## Exercise aim:
Locate each line with the string "Select" in the listing below and copy it.

## Data to examine:
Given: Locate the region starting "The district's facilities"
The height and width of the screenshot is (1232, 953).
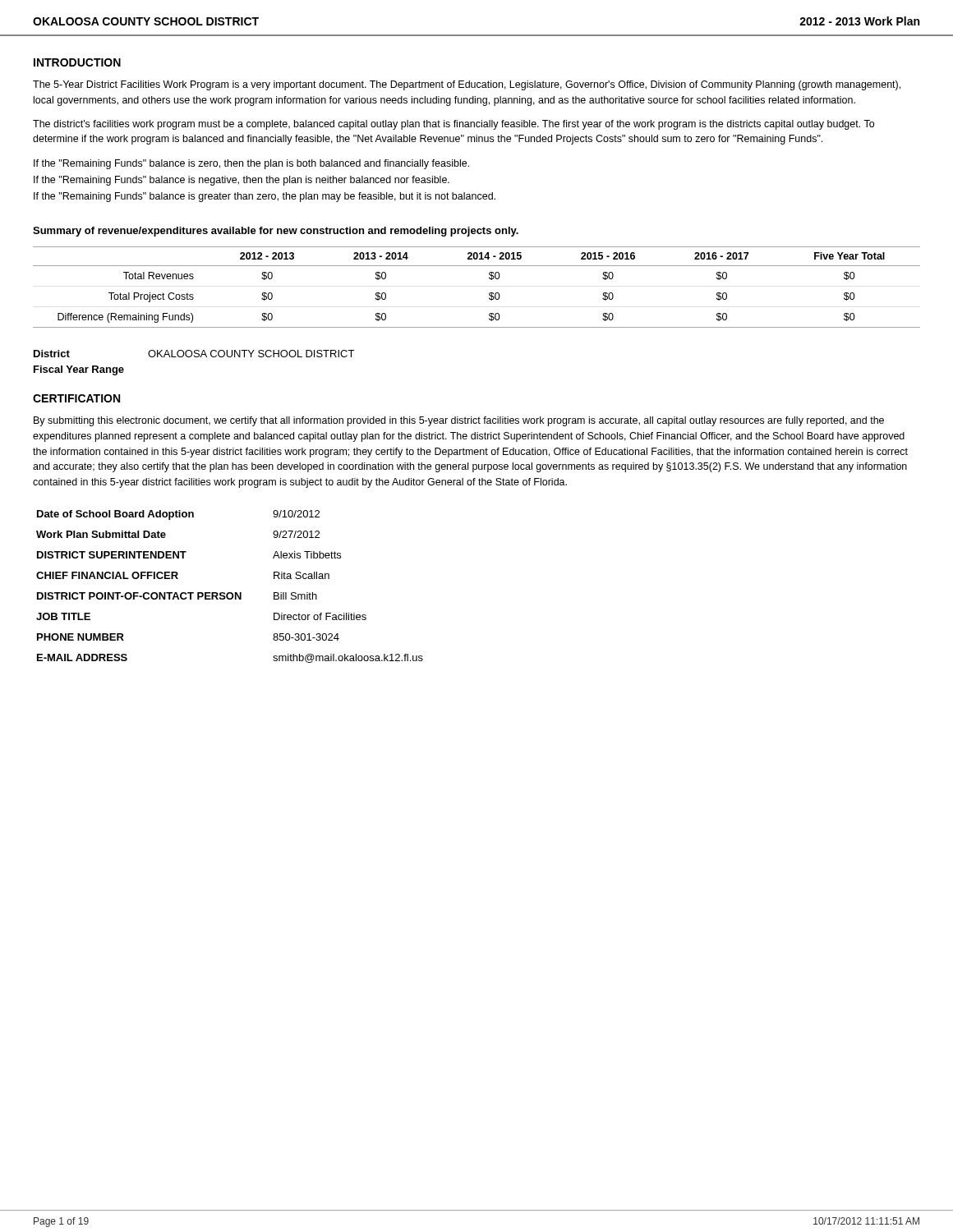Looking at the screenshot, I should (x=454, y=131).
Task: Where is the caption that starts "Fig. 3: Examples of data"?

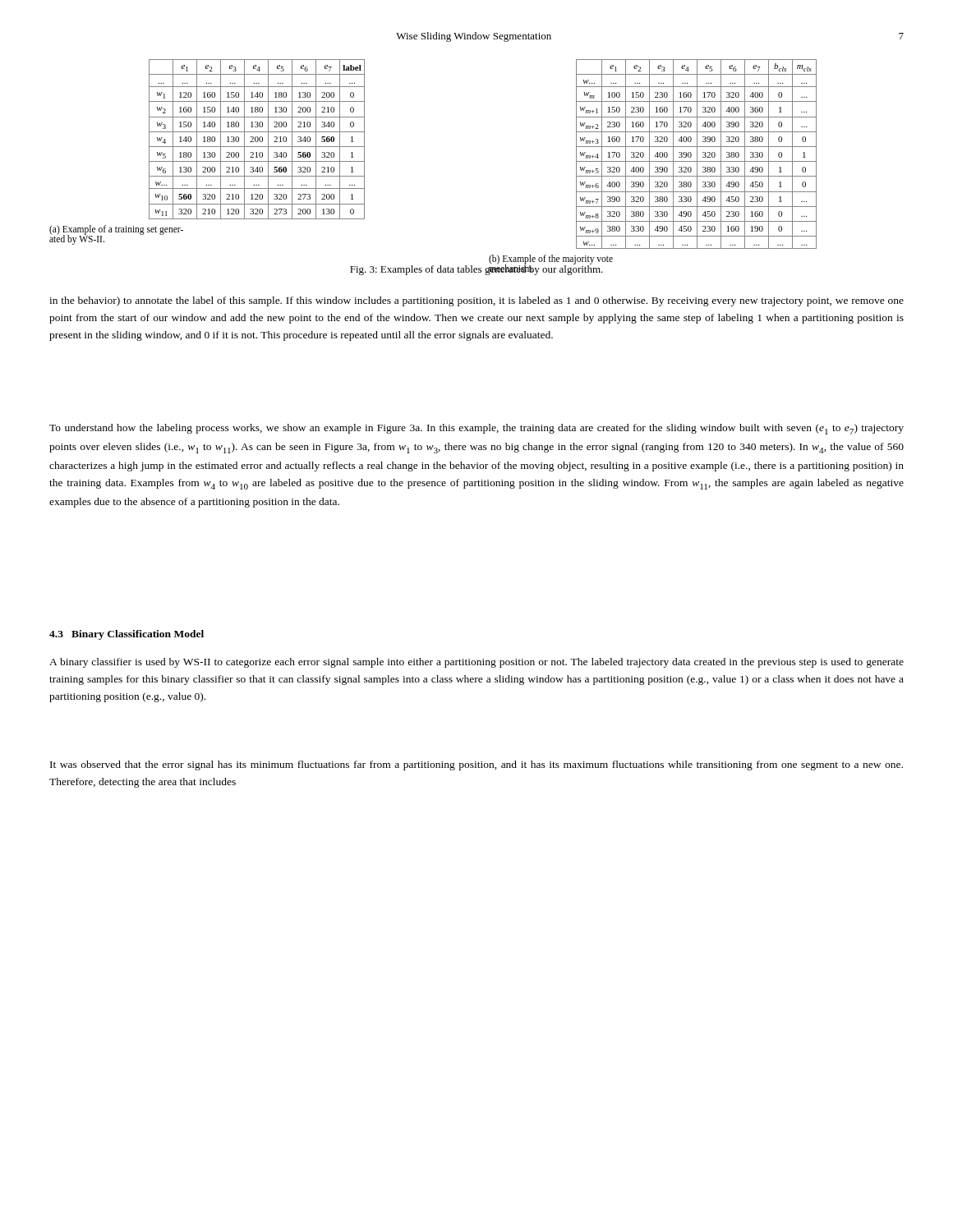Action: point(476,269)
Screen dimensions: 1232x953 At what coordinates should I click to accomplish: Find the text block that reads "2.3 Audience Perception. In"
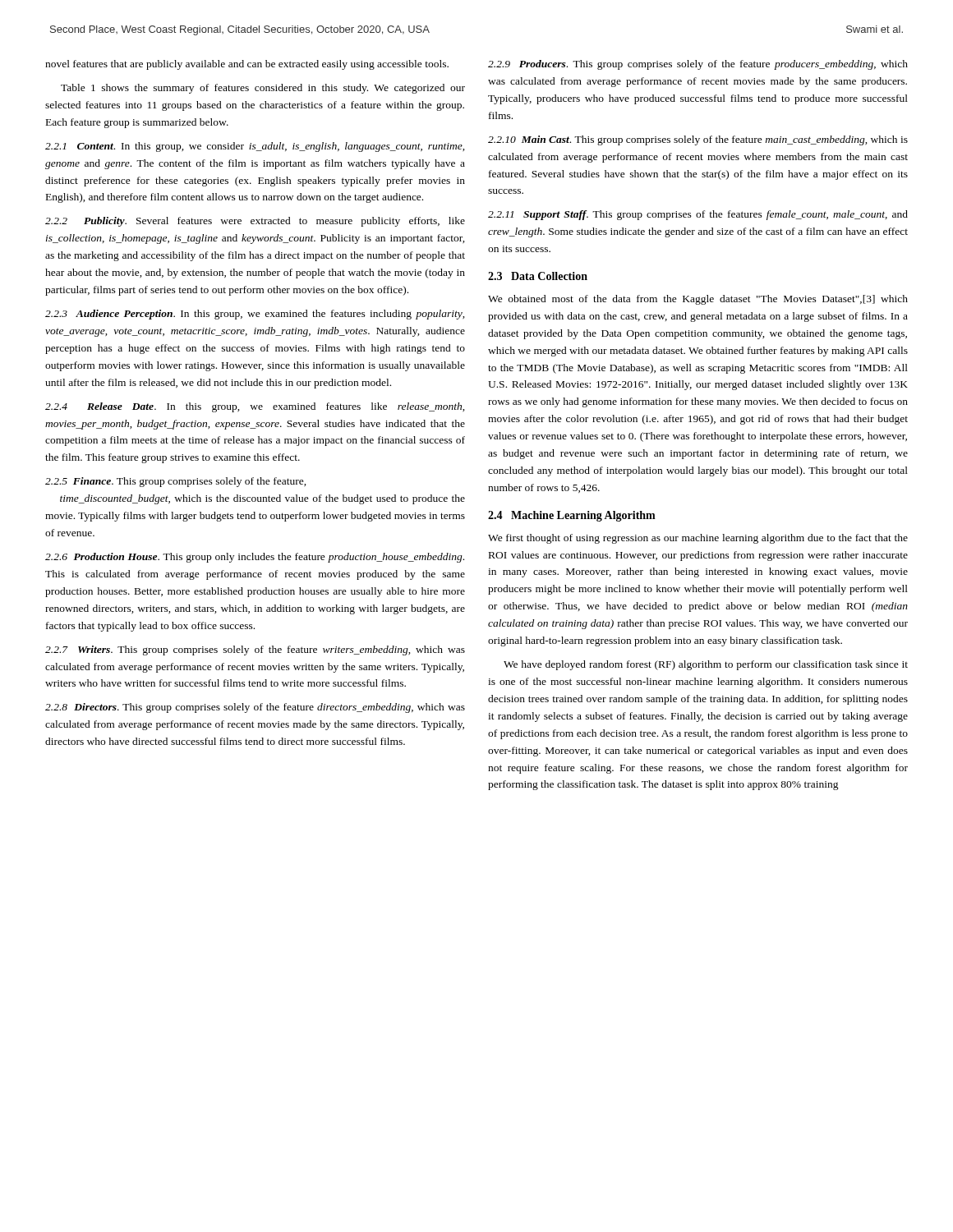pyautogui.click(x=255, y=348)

* * *

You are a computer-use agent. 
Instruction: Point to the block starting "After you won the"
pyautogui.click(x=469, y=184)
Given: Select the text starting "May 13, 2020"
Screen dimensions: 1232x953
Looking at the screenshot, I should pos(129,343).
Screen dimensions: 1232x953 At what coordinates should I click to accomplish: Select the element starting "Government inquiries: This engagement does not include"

* * *

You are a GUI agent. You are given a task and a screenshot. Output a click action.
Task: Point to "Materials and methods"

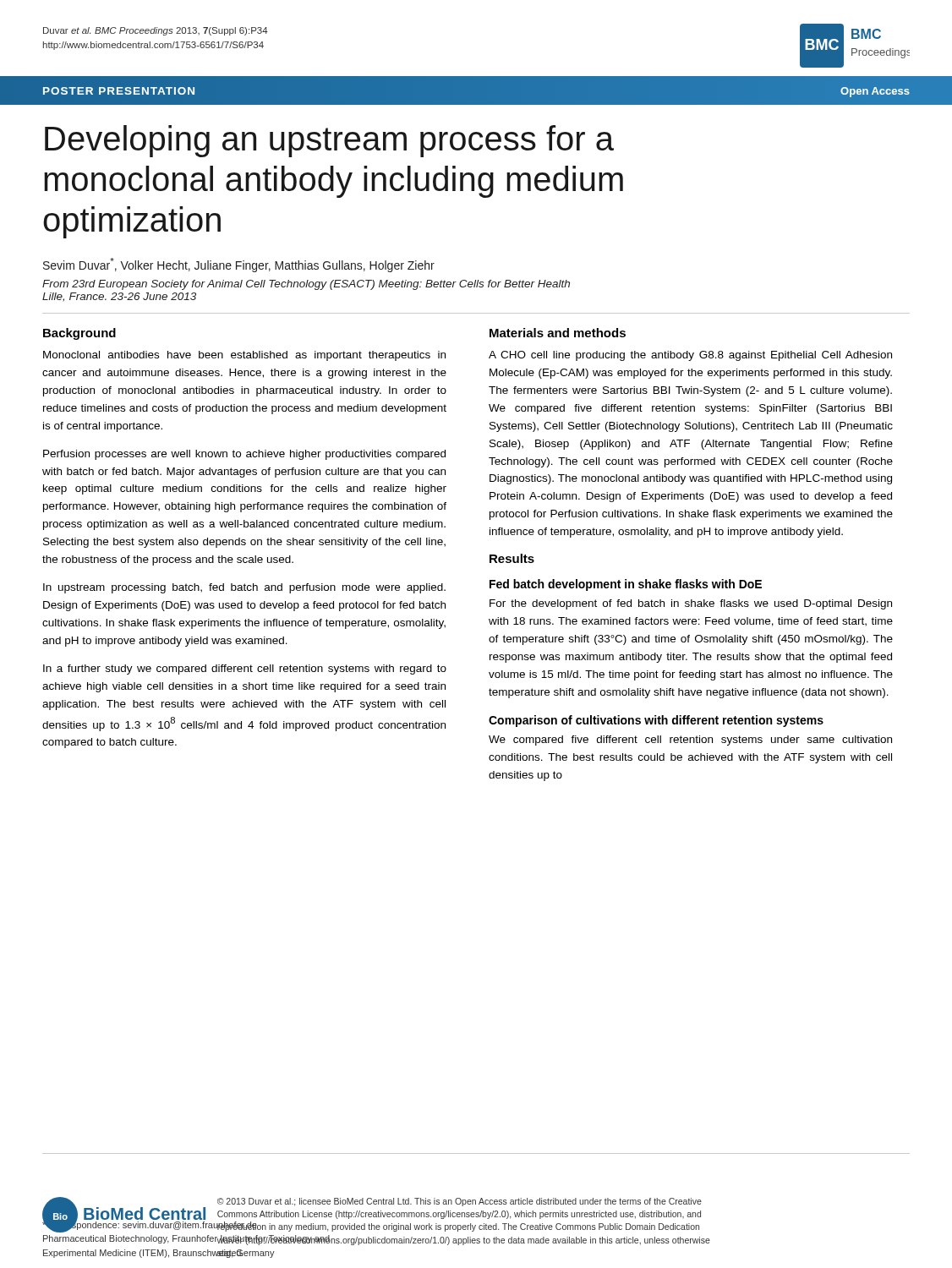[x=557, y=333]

## Task output:
Given: Select the text starting "May 13, 2020"
Screen dimensions: 1232x953 At what coordinates should I click to accomplish: Select the element starting "Government inquiries: This engagement does not include"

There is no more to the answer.